Direct target repeats

Fig.18.5. The origin of the direct target repeats. The green box represents the IS element. Terminal inverted repeats (IRL and IRR) are shown in red, target DNA in grey, and the target sequence in black. The 3'OH at the generated by transposase catalyzed hydrolysis attack the short target sequence in a staggered manner resulting in integration and generation of a short gap at each end of the integrated transposon. This then undergoes gap repair to generate the final product in which the target sequence is duplicated at each end.

Another general feature of IS elements is that, on insertion, most generate short directly repeated sequences (DR) of the target DNA flanking the IS. The attack of each DNA strand at the target site by one of the two transposon ends in a staggered way during insertion provides an explanation for this observation. The DR is generated by repair of the “gap” between cleavage sites (Fig.18.5).
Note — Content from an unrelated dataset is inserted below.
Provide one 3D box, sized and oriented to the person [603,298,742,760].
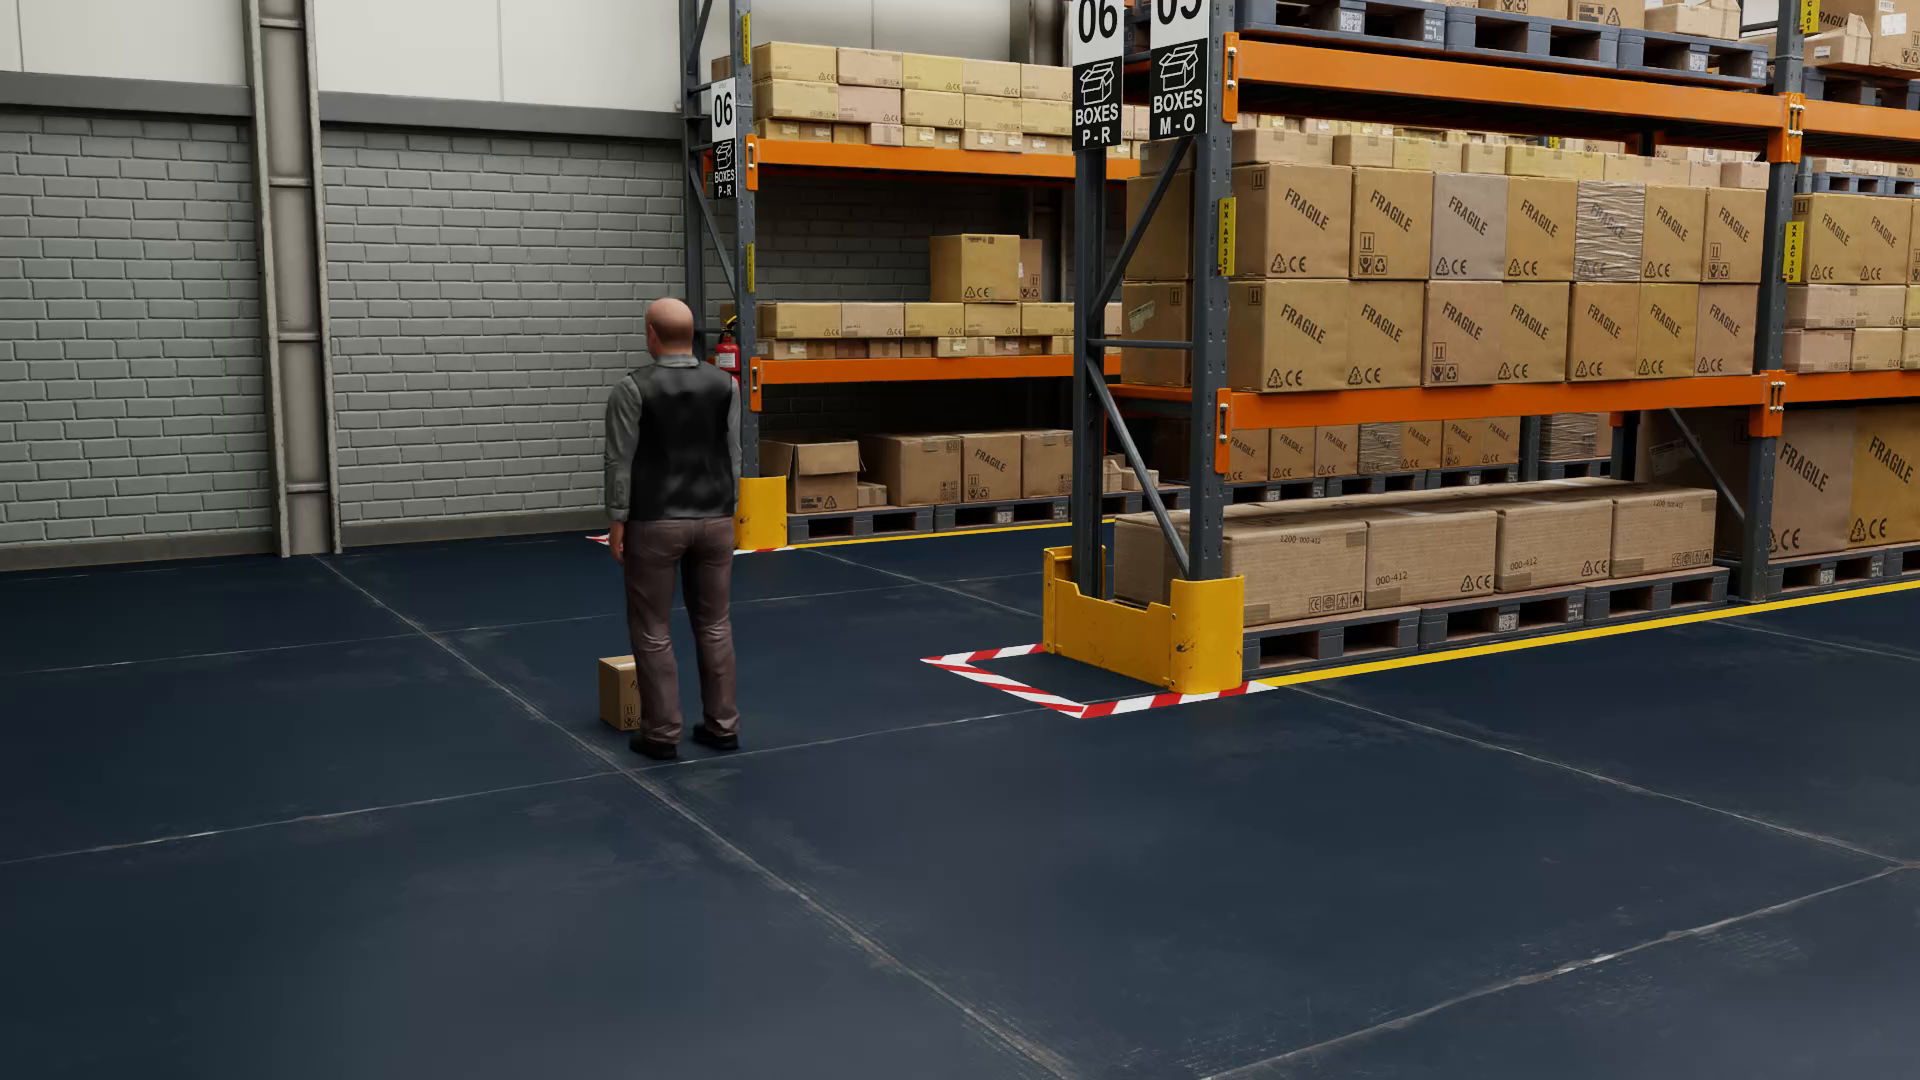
[{"bbox_3d":[-1.079,-0.044,6.260,0.533,1.714,0.358,-5,9,-30],"label":"person"}]

The length of the DR, generally between 2 and 14 bp, is characteristic for a given element and a given element will generally generate a duplication of fixed length. This is determined by the architecture of the transposition complex or transpososome which imposes constraints on the distance between cleavages on each strand of the target DNA[69][63][70].

However, certain ISs have been shown to generate DRs of atypical length at a low frequency, presumably reflecting small variations in the geometry of the transpososome (see [71]). Although some notable exceptions exist in which there is a systematic absence of DRs (either within a given family or in several independent transposition events of a given element), care should be taken in interpreting the absence of DRs in isolated cases.

A lack of DRs can simply result from homologous inter- or intra-molecular recombination between two IS elements, each with a different DR sequence. This would result in a hybrid element carrying one DR of each parent. It can also arise from the formation of adjacent deletions resulting from duplicative intramolecular transposition. In this case, a single copy of the DR is located on each of the reciprocal deletion products (see for example [72][73] or, more recently in a clinical context, [74].

Three IS, IS1549, IS1634 and IS1630, have been identified which appear to generate long DRs of quite variable length[75][76][77]. Two, IS1549 and IS1634, are distantly related to the IS4 family and one, IS1630, belongs to the IS30 family. The mechanism involved in generating such long DRs is at present unknown. However, it seems reasonable to propose that the target DNA may be able to form a loop within the transpososome and thereby bringing somewhat distant phophodiester bonds into close proximity.